### [The task]
Below are some entries. Return exactly the lines from the one with "Answer: Increasing Which" through the final line, leaving out any pictures.

### [Records for this task]

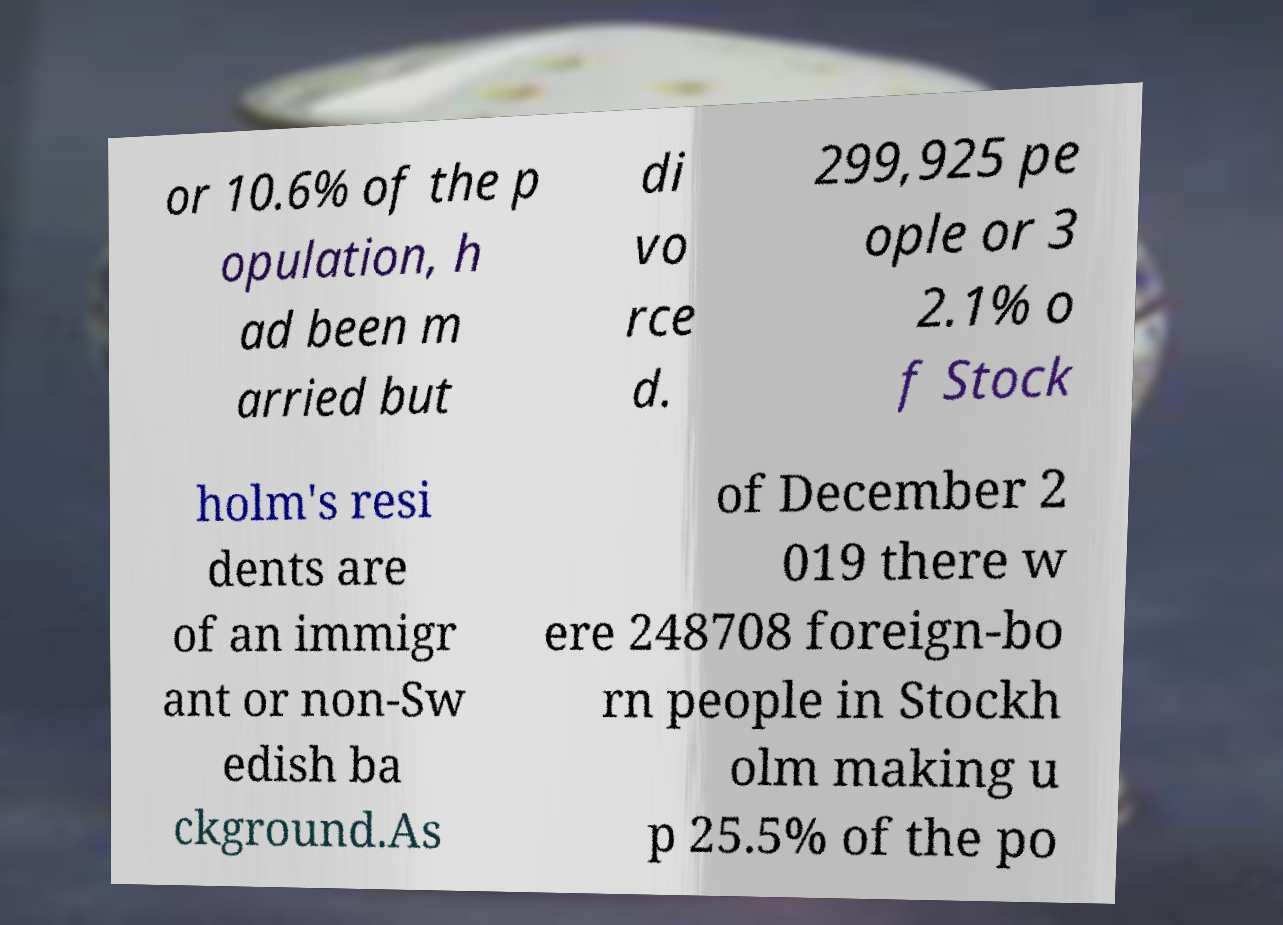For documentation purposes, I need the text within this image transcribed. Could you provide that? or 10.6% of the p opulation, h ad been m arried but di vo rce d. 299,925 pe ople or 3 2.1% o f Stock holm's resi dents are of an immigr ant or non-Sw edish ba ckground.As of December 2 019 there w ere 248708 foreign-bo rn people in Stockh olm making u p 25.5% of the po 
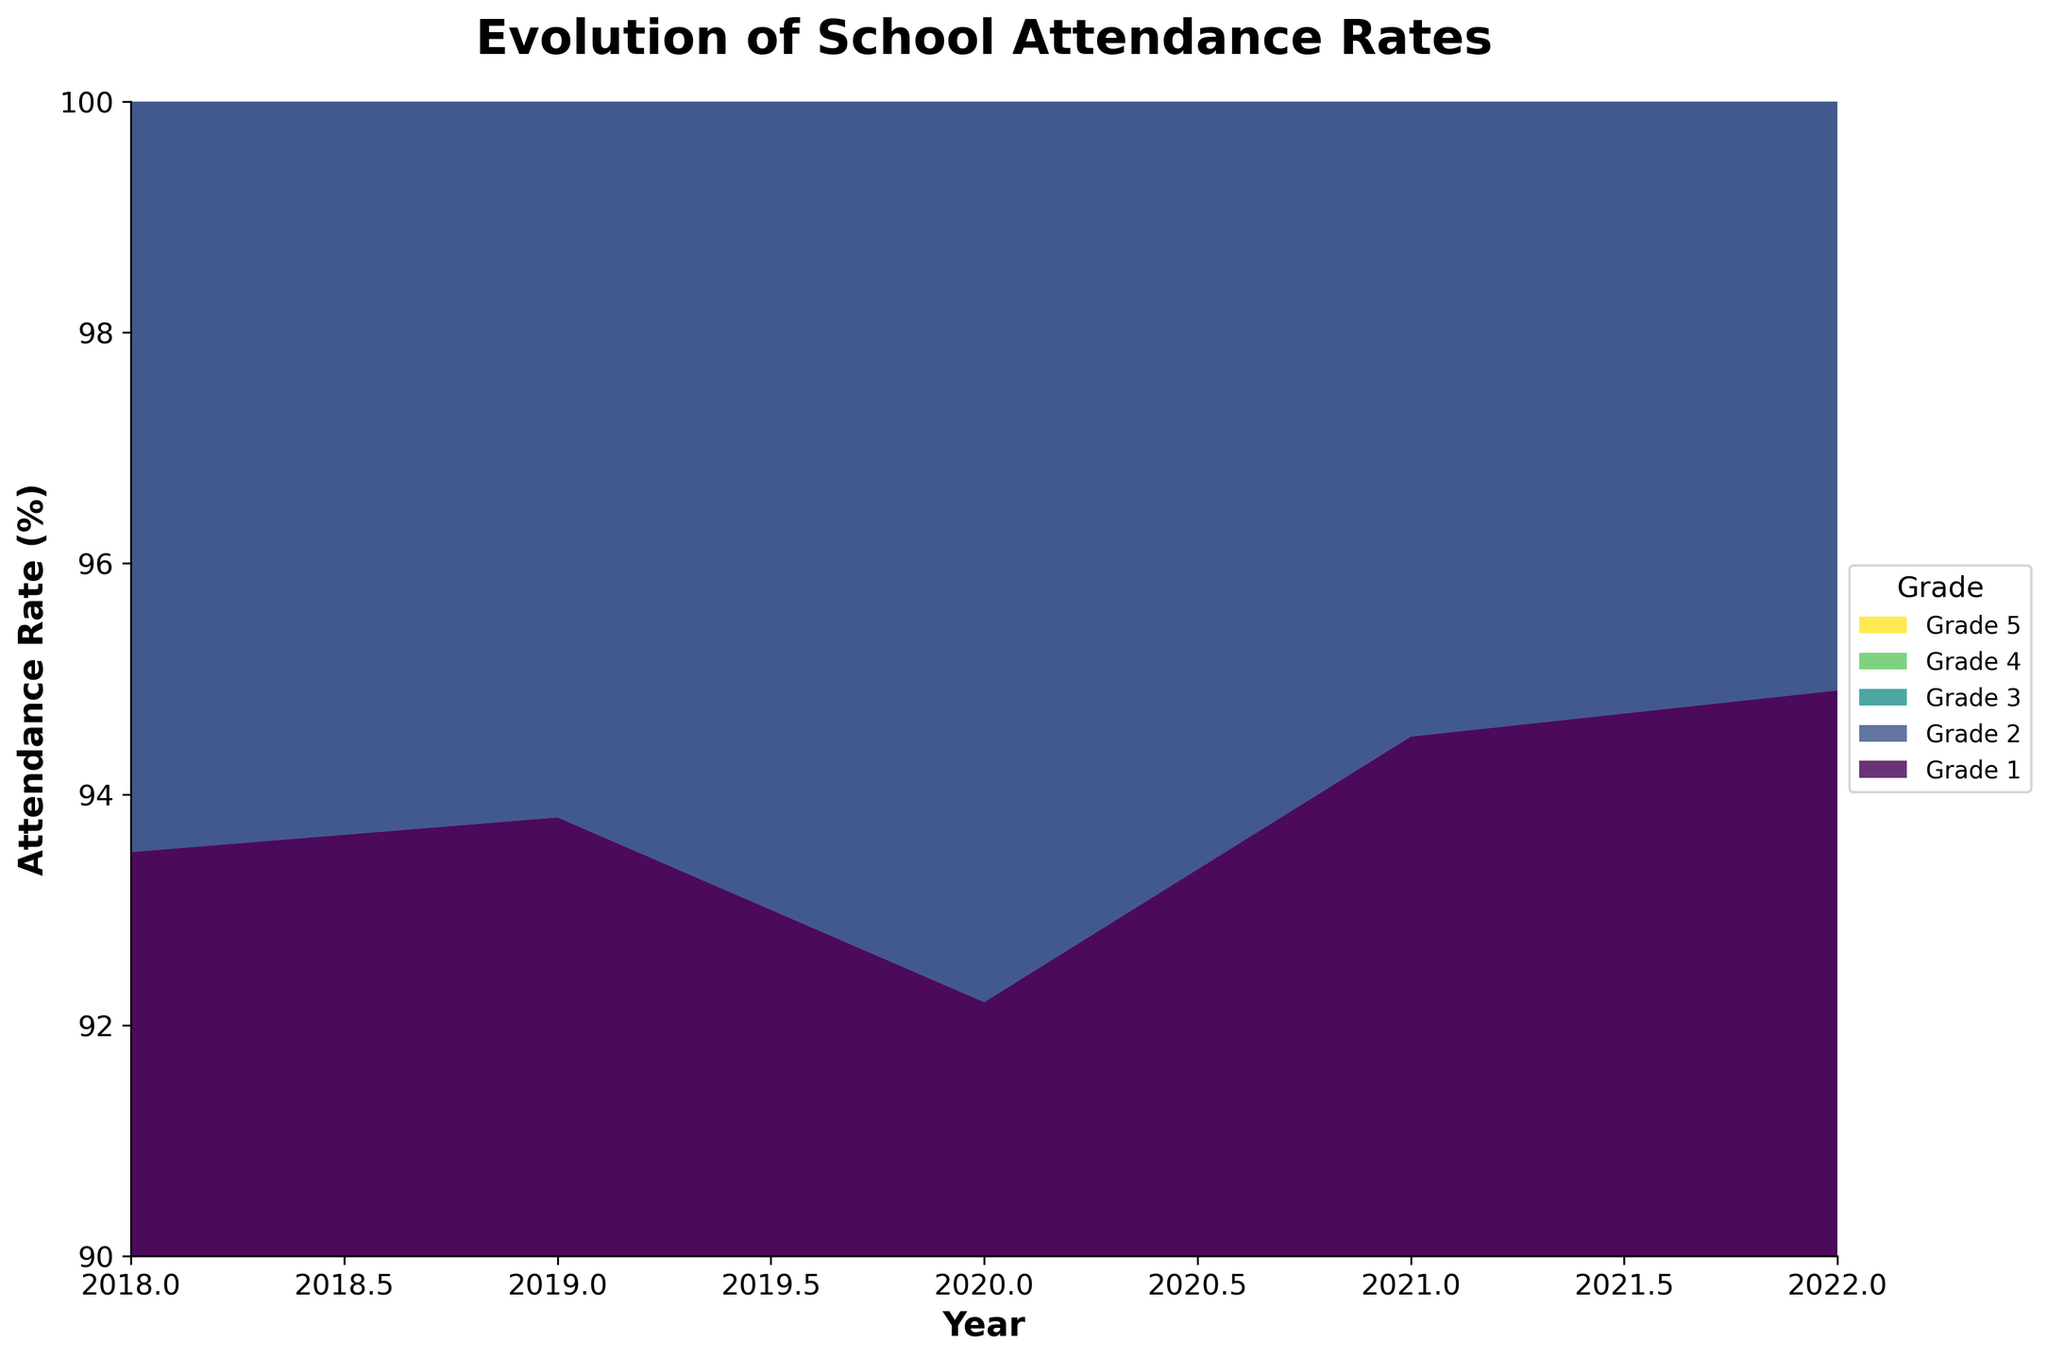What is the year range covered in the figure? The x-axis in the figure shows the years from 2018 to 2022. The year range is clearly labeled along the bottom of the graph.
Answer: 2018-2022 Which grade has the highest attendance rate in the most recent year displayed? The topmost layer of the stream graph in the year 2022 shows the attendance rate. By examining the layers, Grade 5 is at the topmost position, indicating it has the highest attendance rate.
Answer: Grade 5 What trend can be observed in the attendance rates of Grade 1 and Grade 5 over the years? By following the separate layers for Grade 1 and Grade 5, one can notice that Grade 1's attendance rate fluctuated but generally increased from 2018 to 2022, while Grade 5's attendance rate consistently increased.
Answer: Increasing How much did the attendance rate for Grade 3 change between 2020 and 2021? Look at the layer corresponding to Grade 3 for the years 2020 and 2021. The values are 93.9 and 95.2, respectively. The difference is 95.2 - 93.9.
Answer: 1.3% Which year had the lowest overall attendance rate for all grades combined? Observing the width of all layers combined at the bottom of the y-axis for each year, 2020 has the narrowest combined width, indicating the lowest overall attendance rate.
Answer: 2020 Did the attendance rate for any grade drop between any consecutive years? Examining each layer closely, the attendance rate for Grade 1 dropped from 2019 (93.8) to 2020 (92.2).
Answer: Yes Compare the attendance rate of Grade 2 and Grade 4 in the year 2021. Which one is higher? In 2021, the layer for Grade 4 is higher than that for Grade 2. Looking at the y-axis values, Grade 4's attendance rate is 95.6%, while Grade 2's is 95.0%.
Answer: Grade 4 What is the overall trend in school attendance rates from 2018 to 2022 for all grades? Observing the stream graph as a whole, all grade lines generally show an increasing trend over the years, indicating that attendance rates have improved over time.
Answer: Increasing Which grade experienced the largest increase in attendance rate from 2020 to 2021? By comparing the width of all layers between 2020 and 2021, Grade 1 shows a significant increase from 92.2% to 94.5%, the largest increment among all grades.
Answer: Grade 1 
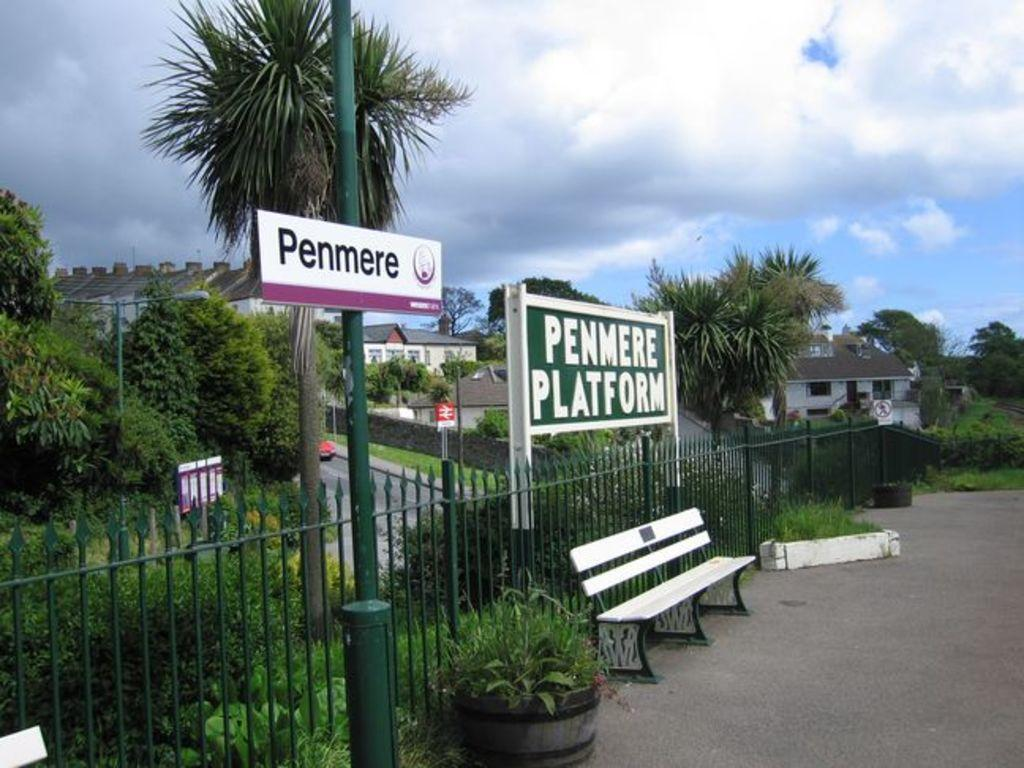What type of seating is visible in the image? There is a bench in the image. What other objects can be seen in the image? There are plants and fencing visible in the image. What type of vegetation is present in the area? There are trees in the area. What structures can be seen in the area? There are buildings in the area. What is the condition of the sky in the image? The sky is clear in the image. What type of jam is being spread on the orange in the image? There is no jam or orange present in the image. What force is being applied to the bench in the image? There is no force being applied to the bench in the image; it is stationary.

### [Exercise output]
Answer: Increasing Which grade experienced the largest increase in attendance rate from 2020 to 2021? By comparing the width of all layers between 2020 and 2021, Grade 1 shows a significant increase from 92.2% to 94.5%, the largest increment among all grades.
Answer: Grade 1 
What type of seating is visible in the image? There is a bench in the image. What other objects can be seen in the image? There are plants and fencing visible in the image. What type of vegetation is present in the area? There are trees in the area. What structures can be seen in the area? There are buildings in the area. What is the condition of the sky in the image? The sky is clear in the image. What type of jam is being spread on the orange in the image? There is no jam or orange present in the image. What force is being applied to the bench in the image? There is no force being applied to the bench in the image; it is stationary.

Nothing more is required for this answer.